Reuse of learnt knowledge is of critical importance in the majority of knowledge-intensive application areas, particularly because the operating context can be expected to vary from training to deployment. In machine learning this is most commonly studied in relation to variations in class and cost skew in classification. While this is evidently useful in many practical situations, there is a clear and pressing need to generalise the notion of operating context beyond the narrow framework of skew-sensitive classification. This project aims to address the challenge of redesigning the entire data-to-knowledge (D2K) pipeline in order to take account of a significantly generalised notion of operating context.
We will develop an innovative and principled approach to knowledge reuse which will allow a range of known machine learning and data mining techniques to deal with common contextual changes, including: (i) changes in data representation; (ii) the availability of new background knowledge; (iii) predictions required at a different aggregation level; and (iv) models to be applied to a different subgroup or distribution. The approach is based around the new notion of model reframing, which can be applied to inputs (features), outputs (predictions) or parts of models (patterns), in this way generalising, integrating and broadening the more traditional and diverse notions of model adjustment in machine learning and data mining.

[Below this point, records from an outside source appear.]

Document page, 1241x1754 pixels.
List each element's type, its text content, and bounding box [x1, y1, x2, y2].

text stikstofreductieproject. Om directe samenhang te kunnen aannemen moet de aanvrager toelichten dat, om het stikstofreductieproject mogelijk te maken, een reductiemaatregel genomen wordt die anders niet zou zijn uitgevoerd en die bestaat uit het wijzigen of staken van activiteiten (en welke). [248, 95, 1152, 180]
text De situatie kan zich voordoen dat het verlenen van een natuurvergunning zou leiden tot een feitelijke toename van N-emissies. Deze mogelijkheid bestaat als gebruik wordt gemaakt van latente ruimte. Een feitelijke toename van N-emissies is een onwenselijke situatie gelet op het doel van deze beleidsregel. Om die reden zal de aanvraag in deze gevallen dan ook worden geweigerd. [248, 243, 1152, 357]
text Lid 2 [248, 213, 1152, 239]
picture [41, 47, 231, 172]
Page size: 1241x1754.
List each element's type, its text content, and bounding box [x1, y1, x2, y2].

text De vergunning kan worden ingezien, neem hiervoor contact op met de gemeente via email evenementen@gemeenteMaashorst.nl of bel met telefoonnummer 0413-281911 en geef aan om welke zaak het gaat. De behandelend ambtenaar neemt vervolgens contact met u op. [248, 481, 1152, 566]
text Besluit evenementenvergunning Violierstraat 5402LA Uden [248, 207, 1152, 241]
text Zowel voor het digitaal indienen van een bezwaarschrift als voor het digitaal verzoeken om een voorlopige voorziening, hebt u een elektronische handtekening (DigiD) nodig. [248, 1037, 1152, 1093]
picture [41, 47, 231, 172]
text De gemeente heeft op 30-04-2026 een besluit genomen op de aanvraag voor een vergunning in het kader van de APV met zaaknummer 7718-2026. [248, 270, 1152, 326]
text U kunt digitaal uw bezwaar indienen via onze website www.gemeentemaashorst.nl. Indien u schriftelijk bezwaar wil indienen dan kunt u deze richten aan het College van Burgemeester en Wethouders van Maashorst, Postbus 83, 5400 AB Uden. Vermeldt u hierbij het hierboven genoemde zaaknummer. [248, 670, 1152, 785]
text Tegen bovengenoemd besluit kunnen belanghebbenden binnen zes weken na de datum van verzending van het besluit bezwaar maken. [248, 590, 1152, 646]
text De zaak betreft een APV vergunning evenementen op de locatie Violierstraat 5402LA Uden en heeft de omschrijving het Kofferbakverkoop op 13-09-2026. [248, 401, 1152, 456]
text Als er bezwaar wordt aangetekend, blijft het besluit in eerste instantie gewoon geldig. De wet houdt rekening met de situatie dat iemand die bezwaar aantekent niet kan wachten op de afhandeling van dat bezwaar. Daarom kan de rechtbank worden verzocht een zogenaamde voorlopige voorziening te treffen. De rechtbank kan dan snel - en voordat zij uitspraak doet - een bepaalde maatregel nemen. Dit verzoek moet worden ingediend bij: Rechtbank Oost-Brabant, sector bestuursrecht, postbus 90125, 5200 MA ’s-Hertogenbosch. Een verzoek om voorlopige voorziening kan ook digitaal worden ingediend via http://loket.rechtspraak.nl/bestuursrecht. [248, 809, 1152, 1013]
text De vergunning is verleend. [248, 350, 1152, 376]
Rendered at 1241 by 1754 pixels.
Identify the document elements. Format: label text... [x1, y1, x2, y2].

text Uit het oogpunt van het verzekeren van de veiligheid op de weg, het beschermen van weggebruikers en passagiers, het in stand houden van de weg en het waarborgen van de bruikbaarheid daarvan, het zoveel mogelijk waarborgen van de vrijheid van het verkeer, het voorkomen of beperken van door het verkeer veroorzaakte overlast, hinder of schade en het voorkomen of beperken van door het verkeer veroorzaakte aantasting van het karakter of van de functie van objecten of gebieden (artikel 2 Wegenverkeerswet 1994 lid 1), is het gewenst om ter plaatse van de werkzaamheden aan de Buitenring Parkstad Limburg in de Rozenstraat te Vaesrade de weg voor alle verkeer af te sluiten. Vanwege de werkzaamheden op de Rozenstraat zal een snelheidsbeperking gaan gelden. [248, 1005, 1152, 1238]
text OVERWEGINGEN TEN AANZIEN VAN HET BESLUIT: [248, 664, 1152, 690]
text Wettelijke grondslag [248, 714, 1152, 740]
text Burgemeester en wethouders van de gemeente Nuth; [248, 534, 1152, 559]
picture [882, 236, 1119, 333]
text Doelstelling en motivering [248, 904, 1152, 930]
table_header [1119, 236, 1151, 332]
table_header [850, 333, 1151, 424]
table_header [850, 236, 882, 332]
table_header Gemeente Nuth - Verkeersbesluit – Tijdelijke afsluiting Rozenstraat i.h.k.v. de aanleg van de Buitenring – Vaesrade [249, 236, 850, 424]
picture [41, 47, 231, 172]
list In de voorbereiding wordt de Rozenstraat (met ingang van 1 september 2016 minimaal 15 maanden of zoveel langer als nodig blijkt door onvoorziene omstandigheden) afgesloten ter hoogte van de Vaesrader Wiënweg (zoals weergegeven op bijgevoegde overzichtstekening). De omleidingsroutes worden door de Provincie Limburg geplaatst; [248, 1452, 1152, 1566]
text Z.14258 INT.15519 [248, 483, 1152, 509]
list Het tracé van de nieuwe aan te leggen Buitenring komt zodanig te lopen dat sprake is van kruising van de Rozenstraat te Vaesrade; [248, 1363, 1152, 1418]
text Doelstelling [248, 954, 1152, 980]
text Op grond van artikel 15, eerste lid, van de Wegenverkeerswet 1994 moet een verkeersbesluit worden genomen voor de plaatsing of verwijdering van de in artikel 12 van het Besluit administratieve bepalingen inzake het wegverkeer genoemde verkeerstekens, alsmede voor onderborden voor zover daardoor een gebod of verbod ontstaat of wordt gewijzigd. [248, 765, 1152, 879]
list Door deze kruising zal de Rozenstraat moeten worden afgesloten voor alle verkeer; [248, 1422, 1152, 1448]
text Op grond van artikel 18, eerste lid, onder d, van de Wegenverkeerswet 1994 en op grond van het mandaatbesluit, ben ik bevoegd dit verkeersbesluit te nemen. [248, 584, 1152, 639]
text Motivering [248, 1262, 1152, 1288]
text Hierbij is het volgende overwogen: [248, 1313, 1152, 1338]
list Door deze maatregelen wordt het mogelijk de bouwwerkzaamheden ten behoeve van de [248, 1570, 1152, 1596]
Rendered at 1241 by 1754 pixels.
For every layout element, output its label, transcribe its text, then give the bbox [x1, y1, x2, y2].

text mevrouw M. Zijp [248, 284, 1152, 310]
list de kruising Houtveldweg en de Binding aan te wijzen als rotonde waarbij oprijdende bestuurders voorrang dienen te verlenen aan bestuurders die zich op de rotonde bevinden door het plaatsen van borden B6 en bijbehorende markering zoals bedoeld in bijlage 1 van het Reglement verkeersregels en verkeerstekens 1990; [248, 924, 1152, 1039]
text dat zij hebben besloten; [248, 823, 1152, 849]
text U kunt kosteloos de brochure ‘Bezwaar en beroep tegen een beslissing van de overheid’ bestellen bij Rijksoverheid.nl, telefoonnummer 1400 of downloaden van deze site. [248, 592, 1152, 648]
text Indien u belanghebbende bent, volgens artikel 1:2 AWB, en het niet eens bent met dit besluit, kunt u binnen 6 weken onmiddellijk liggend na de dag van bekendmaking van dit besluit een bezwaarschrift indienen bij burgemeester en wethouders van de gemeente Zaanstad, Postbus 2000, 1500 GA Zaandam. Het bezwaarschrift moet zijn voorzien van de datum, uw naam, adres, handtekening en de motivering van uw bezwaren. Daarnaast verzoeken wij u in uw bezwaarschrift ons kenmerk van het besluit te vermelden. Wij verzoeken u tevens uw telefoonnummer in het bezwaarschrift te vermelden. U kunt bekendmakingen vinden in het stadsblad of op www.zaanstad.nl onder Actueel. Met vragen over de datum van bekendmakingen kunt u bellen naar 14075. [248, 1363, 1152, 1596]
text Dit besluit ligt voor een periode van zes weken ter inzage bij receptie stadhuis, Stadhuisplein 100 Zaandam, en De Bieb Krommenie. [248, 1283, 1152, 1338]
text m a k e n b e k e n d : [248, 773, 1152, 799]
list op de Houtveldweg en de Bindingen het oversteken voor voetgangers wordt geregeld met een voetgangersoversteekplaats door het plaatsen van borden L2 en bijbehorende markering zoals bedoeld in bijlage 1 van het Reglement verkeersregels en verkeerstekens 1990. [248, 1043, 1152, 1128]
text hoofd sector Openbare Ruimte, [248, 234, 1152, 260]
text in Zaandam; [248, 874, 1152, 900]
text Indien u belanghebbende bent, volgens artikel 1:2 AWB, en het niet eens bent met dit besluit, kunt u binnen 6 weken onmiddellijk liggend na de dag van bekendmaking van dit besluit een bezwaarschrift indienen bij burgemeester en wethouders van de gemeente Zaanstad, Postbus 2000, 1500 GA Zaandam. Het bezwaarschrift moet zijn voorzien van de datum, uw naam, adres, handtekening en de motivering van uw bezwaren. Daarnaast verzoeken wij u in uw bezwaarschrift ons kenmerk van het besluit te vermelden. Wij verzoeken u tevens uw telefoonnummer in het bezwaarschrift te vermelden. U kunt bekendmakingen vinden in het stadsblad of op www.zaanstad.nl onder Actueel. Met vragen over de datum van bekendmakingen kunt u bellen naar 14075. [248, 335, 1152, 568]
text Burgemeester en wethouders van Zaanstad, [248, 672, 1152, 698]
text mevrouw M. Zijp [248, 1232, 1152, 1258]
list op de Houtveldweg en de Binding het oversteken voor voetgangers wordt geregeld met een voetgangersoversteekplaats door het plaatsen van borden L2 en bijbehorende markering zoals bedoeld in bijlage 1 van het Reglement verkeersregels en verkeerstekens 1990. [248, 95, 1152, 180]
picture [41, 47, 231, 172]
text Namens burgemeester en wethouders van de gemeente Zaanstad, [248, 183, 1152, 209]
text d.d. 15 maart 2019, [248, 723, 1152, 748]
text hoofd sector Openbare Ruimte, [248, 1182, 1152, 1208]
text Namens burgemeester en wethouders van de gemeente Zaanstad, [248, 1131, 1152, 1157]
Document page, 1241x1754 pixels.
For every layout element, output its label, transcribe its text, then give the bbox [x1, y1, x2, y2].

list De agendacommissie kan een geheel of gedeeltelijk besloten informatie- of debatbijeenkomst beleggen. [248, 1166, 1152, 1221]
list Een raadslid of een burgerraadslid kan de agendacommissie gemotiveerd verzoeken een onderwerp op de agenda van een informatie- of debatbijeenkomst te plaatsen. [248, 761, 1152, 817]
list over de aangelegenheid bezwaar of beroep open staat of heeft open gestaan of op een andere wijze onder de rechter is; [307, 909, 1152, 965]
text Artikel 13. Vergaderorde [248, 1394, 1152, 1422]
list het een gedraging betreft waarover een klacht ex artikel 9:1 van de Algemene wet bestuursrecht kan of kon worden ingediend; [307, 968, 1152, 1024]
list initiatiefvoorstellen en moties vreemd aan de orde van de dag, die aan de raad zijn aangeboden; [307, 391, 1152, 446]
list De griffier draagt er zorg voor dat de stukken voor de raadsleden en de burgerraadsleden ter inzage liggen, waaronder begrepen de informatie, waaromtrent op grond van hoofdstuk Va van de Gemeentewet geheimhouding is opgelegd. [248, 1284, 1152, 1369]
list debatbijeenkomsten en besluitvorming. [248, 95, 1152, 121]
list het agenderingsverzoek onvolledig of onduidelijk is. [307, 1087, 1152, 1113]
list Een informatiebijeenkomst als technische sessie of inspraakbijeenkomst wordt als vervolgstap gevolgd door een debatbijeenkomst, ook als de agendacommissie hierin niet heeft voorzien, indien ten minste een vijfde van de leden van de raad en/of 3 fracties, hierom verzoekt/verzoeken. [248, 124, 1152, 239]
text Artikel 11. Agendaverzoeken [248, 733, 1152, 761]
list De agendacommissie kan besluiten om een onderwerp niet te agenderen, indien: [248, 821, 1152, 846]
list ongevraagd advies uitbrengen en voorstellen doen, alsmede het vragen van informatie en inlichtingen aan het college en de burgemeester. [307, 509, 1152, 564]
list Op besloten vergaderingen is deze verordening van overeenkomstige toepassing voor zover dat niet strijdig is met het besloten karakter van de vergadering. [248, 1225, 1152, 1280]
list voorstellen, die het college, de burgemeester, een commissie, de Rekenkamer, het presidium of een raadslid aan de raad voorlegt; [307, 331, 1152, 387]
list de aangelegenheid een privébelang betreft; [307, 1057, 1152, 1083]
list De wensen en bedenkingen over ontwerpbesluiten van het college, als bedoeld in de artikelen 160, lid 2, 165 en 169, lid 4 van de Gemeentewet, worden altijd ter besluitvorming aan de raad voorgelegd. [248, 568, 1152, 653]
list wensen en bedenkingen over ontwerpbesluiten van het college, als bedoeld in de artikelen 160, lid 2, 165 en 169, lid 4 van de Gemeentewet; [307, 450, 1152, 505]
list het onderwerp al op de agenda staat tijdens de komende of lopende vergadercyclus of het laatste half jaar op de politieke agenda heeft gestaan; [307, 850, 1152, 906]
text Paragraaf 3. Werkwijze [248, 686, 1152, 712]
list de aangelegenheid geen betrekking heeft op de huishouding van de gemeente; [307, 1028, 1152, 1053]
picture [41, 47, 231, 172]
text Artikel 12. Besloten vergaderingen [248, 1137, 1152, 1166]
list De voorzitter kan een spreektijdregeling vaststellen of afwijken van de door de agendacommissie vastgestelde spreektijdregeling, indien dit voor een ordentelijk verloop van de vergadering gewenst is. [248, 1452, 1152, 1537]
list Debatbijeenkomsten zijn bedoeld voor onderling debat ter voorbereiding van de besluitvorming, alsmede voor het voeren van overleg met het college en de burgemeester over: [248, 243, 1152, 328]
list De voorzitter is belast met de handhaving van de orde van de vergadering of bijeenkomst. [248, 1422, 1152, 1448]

The ultimate goal of the project is to provide a much better understanding of the issues involved in the generation and deployment of a model for different contexts, as well as the development of tools which ease the extraction, reuse, exchange and adaptation of knowledge for a wide spectrum of operating contexts. The project will focus on three complex domain areas: geographical applications with spatio-temporal data, smart use of energy (resource production and consumption), and human genomics (genotype-phenotype relation analysis). These three demanding domains will ground the project by means of challenge problems and allow us to experimentally validate our methodologies, tools and algorithms.